19.05.2020
Singen distanzlos

Sie geht nicht so oft in die Kirche. Die Arbeit lässt ihr nicht viel Luft und am Sonntag früh ist sie einfach zu müde.

Aber jetzt ist alles anders. Die Praxis ist noch zu und keine Kurse... Irgendwie genießt sie das auch: So durch die Stadt schlendern, ohne Termine, ohne Ziel. Sie schaut, welche Geschäfte wieder geöffnet sind. Die Leute huschen scheu und mit Abstand aneinander vorbei. Kaum bekannte Gesichter. Vielleicht erkennt sie sie auch nicht gleich hinter dem Mund-Nasen-Schutz?

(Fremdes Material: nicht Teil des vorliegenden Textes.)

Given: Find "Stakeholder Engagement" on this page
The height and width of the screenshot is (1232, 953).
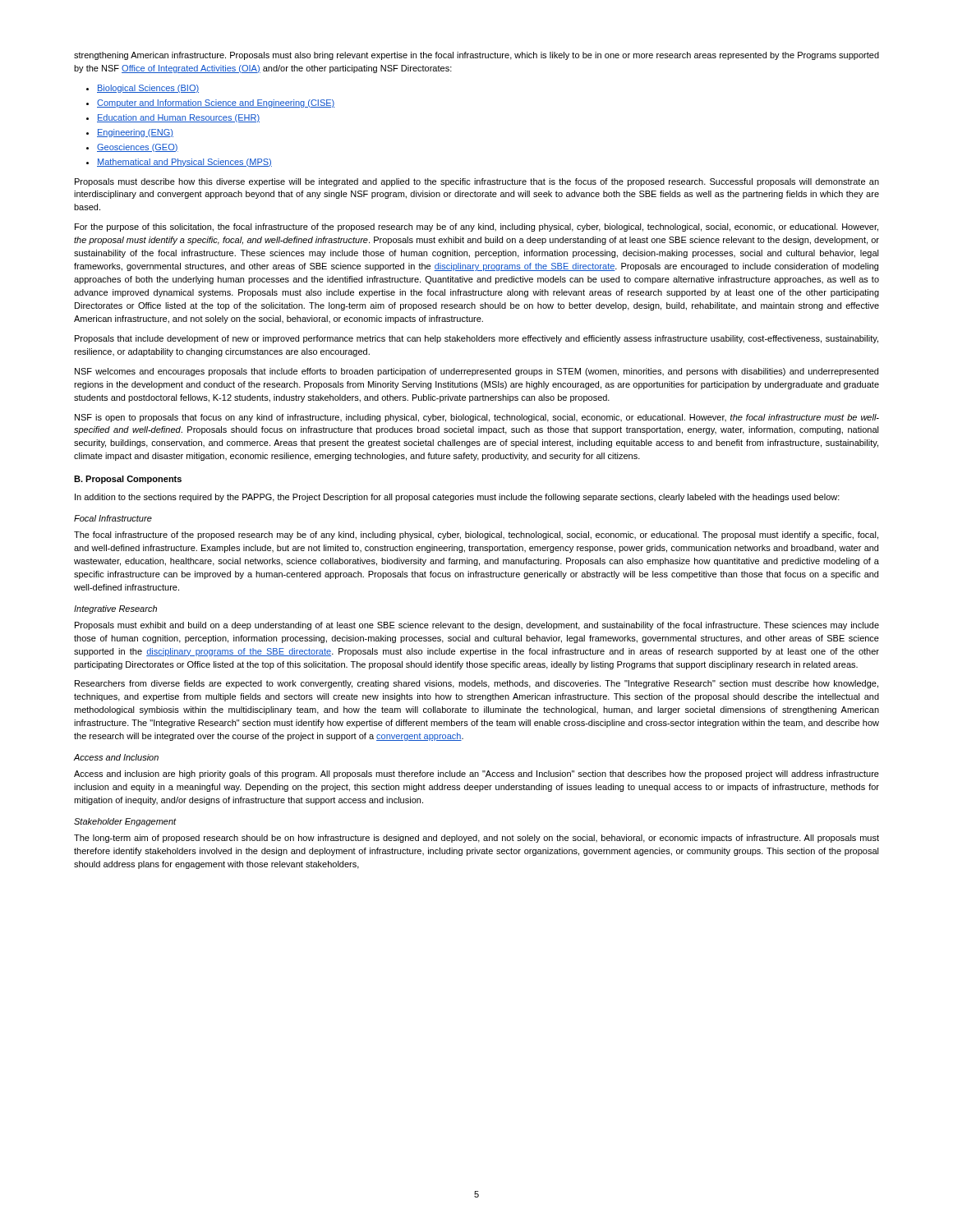Looking at the screenshot, I should [x=125, y=822].
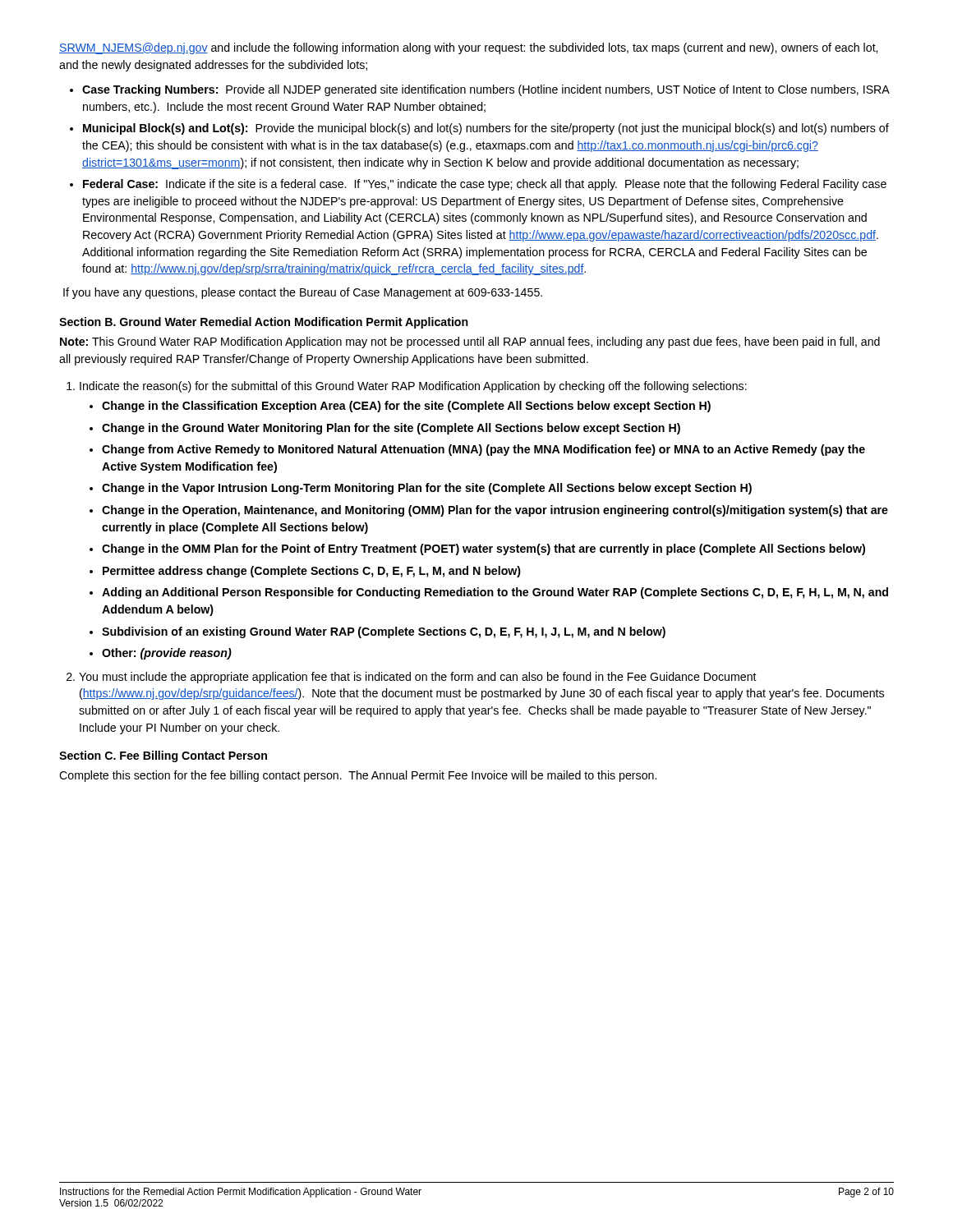Navigate to the passage starting "Municipal Block(s) and"
The image size is (953, 1232).
point(485,145)
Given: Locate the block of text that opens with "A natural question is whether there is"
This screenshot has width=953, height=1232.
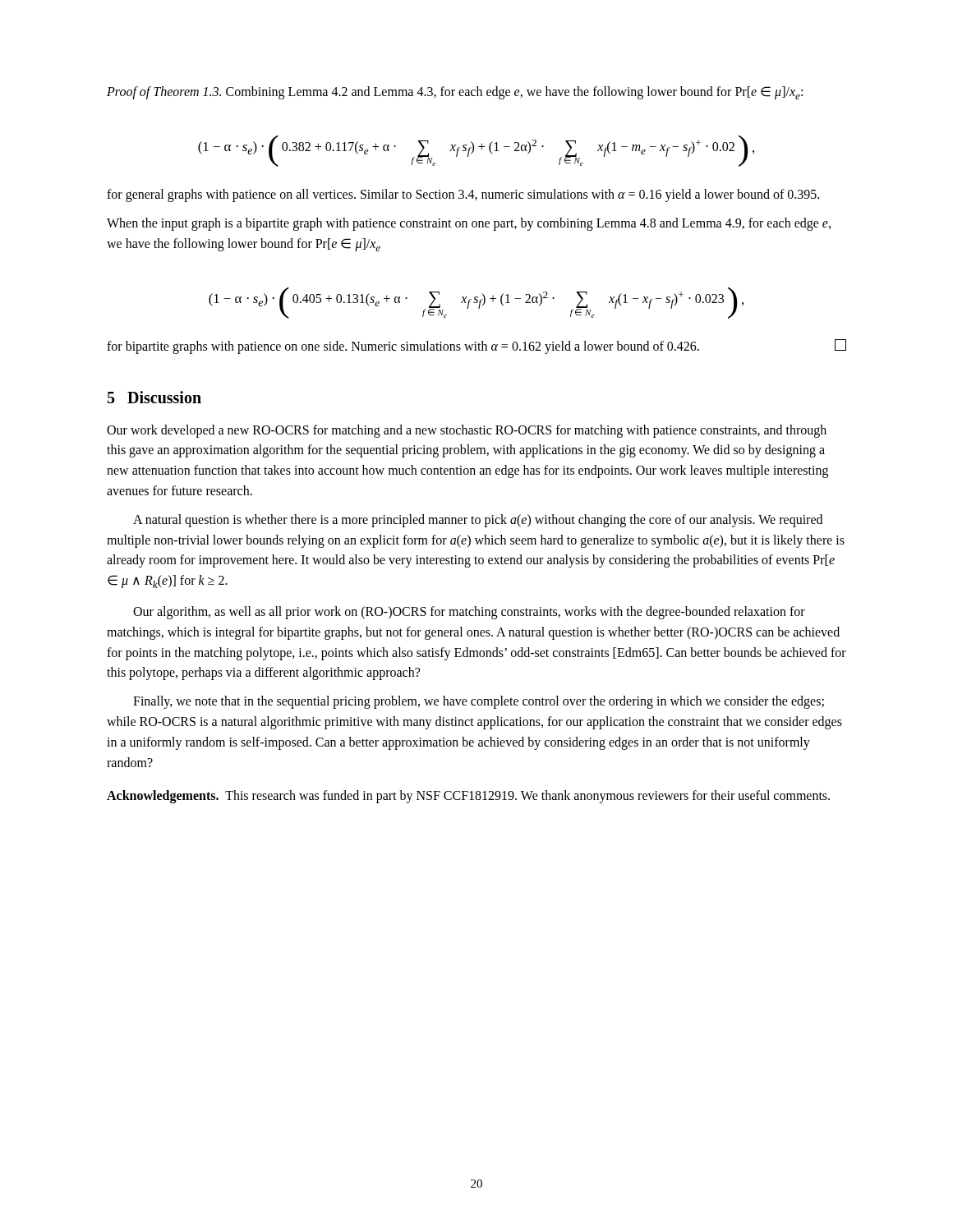Looking at the screenshot, I should 476,552.
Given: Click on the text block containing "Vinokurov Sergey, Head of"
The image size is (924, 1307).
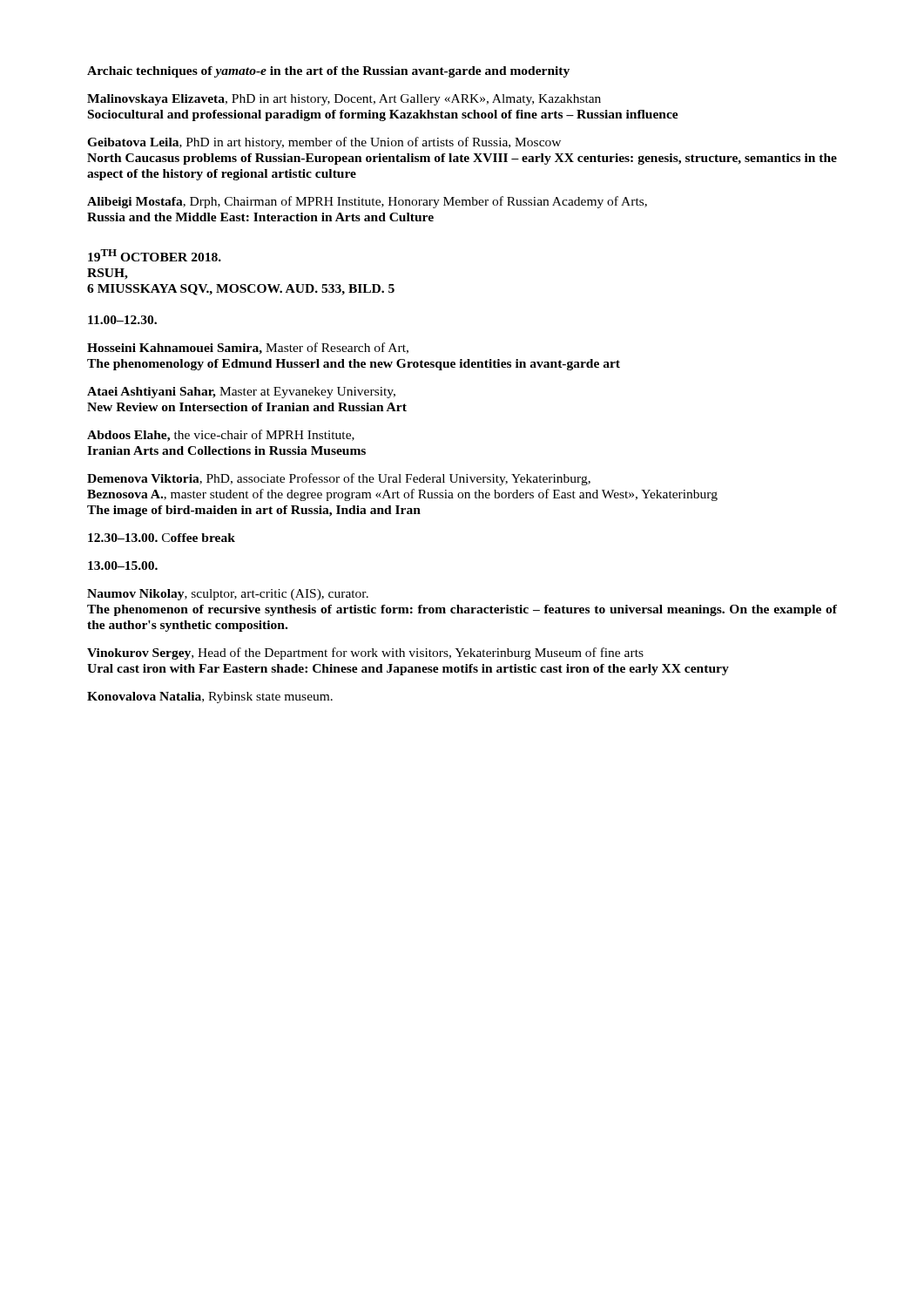Looking at the screenshot, I should click(462, 661).
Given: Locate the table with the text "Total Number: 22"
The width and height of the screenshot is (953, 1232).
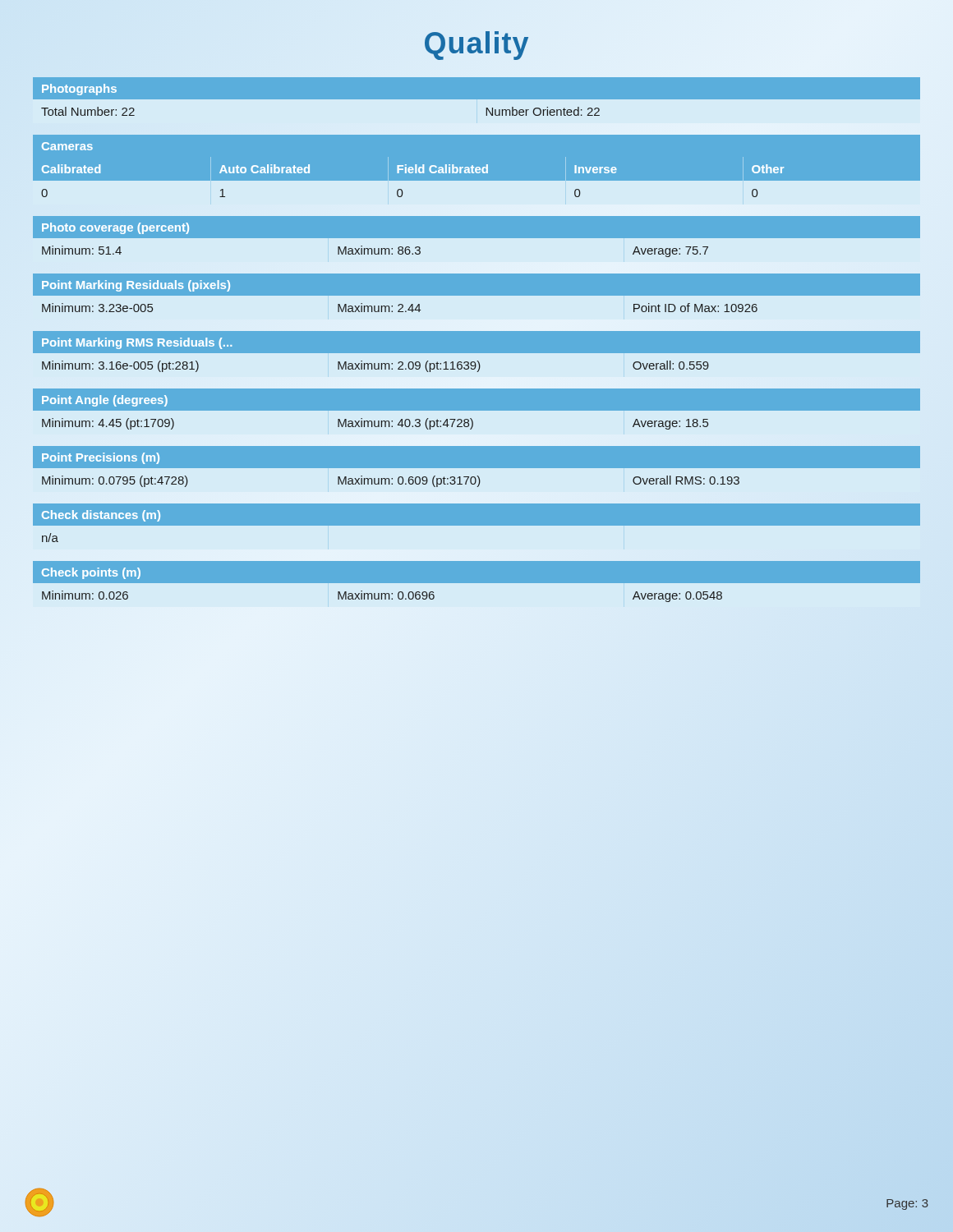Looking at the screenshot, I should click(476, 111).

Die offene Kirchentür kommt ihr gerade recht. Sie schaut hinein und freut sich über die kleinen kreativen Angebote:

Schöne Gebete, Segensworte und bunte Hoffnungssteine zum Mitnehmen…

An einer großen Kerze vorn liegen kleine Osterkerzen als Geschenk – sie wusste noch gar nicht, dass die Osterzeit bis Himmelfahrt geht…

Sie lässt sich mit einem leisen Seufzer auf eine Bank fallen. Genießt dann die Schönheit des Raumes und den Klang der Stille. Hat sie das schon mal erlebt, eine Kirche ganz für sich? So ganz allein mit ihrem Gott?

Der Kirchenraum, die Akustik, die Gottesnähe … Sie überlegt nicht lange. Sie singt! Sie singt einfach los. „Ich bete an die Macht der Liebe“, ein altes Lied, das sie von ihrer Oma gelernt hat. Sie singt laut. Alle Strophen, die ihr einfallen. Sie ist sich nicht sicher, ob es wirklich schön klingt. Aber sie weiß, dass Gott es schön findet. Und ihr tut es so gut!